Quite apart from all that, Clarke touches briefly, but hardly superficially, on problems only slightly less thorny today than they must have been in the 1950s, or ever indeed. For example, the clash between religion and science, including the uselessness of the former and the dangers of limiting the latter, is mentioned several times and not quite in passing. Some people, I daresay, would find Clarke's remarks trite and superficial. For my part I find them humorous and stirring:

You will find men like him in all the world's religions. They know that we represent reason and science, and, however confident they may be in their beliefs, they fear that we will overthrow their gods. Not necessarily through any deliberate act, but in a subtler fashion. Science can destroy religion by ignoring it as well as by disproving its tenets. No one ever demonstrated, so far as I am aware, the nonexistence of Zeus or Thor, but they have few followers now.

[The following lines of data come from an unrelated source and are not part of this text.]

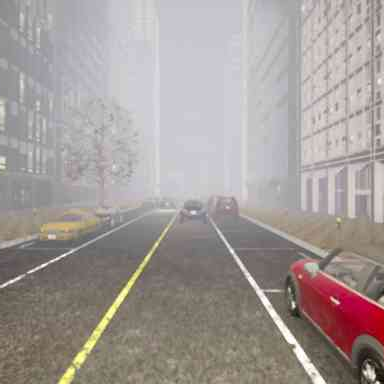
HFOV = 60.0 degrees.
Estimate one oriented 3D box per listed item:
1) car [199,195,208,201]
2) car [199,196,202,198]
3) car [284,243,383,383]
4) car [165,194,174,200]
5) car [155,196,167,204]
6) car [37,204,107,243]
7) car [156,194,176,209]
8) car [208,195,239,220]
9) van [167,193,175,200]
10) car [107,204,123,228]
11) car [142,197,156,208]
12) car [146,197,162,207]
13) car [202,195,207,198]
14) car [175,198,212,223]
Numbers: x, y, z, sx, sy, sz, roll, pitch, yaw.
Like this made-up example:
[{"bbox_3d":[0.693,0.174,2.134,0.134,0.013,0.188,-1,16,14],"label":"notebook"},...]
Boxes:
[{"bbox_3d":[2.695,1.377,78.703,1.947,1.339,4.313,0,0,0],"label":"car"},{"bbox_3d":[0.102,1.476,42.137,1.994,1.385,4.181,0,0,0],"label":"car"},{"bbox_3d":[2.693,1.432,4.705,1.967,1.590,4.097,0,0,0],"label":"car"},{"bbox_3d":[-5.686,1.339,84.408,1.887,1.381,4.507,0,0,0],"label":"car"},{"bbox_3d":[-5.686,1.443,61.638,1.802,1.307,4.206,0,0,0],"label":"car"},{"bbox_3d":[-5.688,1.496,15.930,1.752,1.417,4.829,0,0,0],"label":"car"},{"bbox_3d":[-3.089,1.400,43.476,2.128,1.511,4.902,0,0,0],"label":"car"},{"bbox_3d":[2.695,1.261,27.473,2.192,1.841,5.009,0,0,0],"label":"car"},{"bbox_3d":[-5.685,1.117,90.100,1.690,1.788,3.998,0,0,0],"label":"van"},{"bbox_3d":[-5.688,1.509,21.794,2.008,1.369,4.403,0,0,0],"label":"car"},{"bbox_3d":[-5.687,1.458,44.563,2.008,1.369,4.403,0,0,0],"label":"car"},{"bbox_3d":[-5.687,1.458,50.256,1.947,1.339,4.313,0,0,0],"label":"car"},{"bbox_3d":[2.695,1.235,38.858,2.192,1.841,5.009,0,0,0],"label":"car"},{"bbox_3d":[0.099,1.454,25.220,2.163,1.488,4.792,0,0,0],"label":"car"}]
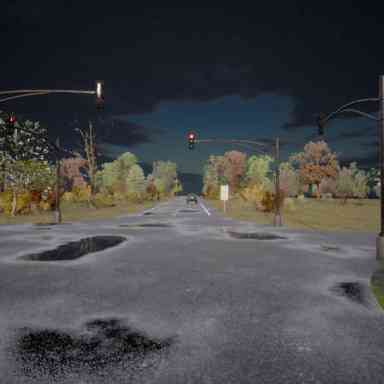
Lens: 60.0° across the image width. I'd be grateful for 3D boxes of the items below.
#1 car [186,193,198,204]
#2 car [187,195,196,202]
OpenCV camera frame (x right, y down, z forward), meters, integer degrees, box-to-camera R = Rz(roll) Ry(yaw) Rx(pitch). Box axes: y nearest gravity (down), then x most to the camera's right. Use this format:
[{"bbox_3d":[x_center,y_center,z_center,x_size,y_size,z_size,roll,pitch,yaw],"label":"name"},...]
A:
[{"bbox_3d":[-0.013,1.293,67.602,2.150,2.045,5.566,0,0,0],"label":"car"},{"bbox_3d":[-0.015,1.465,77.993,2.033,1.411,5.357,0,0,0],"label":"car"}]
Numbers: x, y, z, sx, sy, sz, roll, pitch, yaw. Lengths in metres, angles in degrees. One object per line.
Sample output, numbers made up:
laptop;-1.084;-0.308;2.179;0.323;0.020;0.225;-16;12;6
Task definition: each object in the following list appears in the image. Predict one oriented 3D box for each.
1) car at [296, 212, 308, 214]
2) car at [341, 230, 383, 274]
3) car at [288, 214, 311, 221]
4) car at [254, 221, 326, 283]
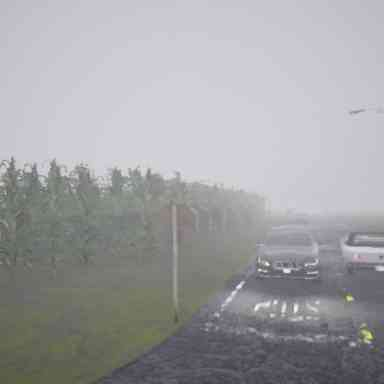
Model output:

The value of art, too, is also discussed at few places, and a good case is made that it is incompatible with utopia. The essence of artistic creation may mostly lie in the struggles of the artist with the society around him. Thus the eternal satisfaction of Utopia may well bring art to a halt; or worse indeed: cause its slow but sure degeneration. Is the latter not happening already, far as we are from any utopia? On the other hand, this may well be too simplistic and, if not talent, at least artistic genius might be largely independent from such mundane considerations. After all, most truly great and universally recognised artists - say, figures of the caliber of Michelangelo or Beethoven - didn't bother too much with the rules of the world. Quite to the contrary: they made their own rules and then adapted the world to them. Readers of Childhood's End are well-advised to read carefully in order not to miss Clarke's pithy observations on the subject in the maelstrom of the action.

And sometimes Clarke shows his uncanny trademark ability to predict the future. If anything, the following words are far more relevant today than they were in the early 1950s:

Do you realize that every day something like five hundred hours of radio and TV pour out over the various channels? If you went without sleep and did nothing else, you could follow less than a twentieth of the entertainment that's available at the turn of a switch! No wonder that people are becoming passive sponges - absorbing but never creating. Did you know that the average viewing time per person is now three hours a day? Soon people won't be living their own lives any more. It will be a full-time job keeping up with the various family serials on TV!

Frightfully modern! Substitute "Internet" for "radio and TV" and multiply the amount of entertainment by one hundred (at least) and you will get the picture exactly as it is today.

Considering that Arthur Clarke was 36 at the time of writing, Childhood's End is an impressive achievement in every aspect: story, ideas, characters and, above all, food for thought. The confused foreword and the incoherent first chapter written much later you may skip without fear of missing anything important. The whole of the first part is a bit dull and certain passages from the other two parts may sound superficial or preachy, but these quibbles, though worth mentioning, are not worth elaborating upon. The story is breath-taking, very well-told, awe-inspiring and decidedly optimistic - despite the devastating and haunting end. Descriptions and metaphors, certain wholes scenes even, may somewhat lack the confidence of the mature Clarke, but his staggering imagination and his well-nigh unmatched ability to vividly recreate the most amazing visions imaginable are here all right. As with all great books, reading Childhood's End is a shattering yet comforting experience. It will bear a re-reading for sure.

P. S. A note on the musical references in Childhood's End. Apart from mentioning briefly, but poignantly, Bach towards the end, there is a vastly amusing, if brief, account of a symphonic concert in the Colony. It is rather hilarious to see Stravinsky's Symphony of Psalms described as "the only concession to popular taste", as the rest of program was "aggressively modernistic". I shudder to think what a hideous noise that must be!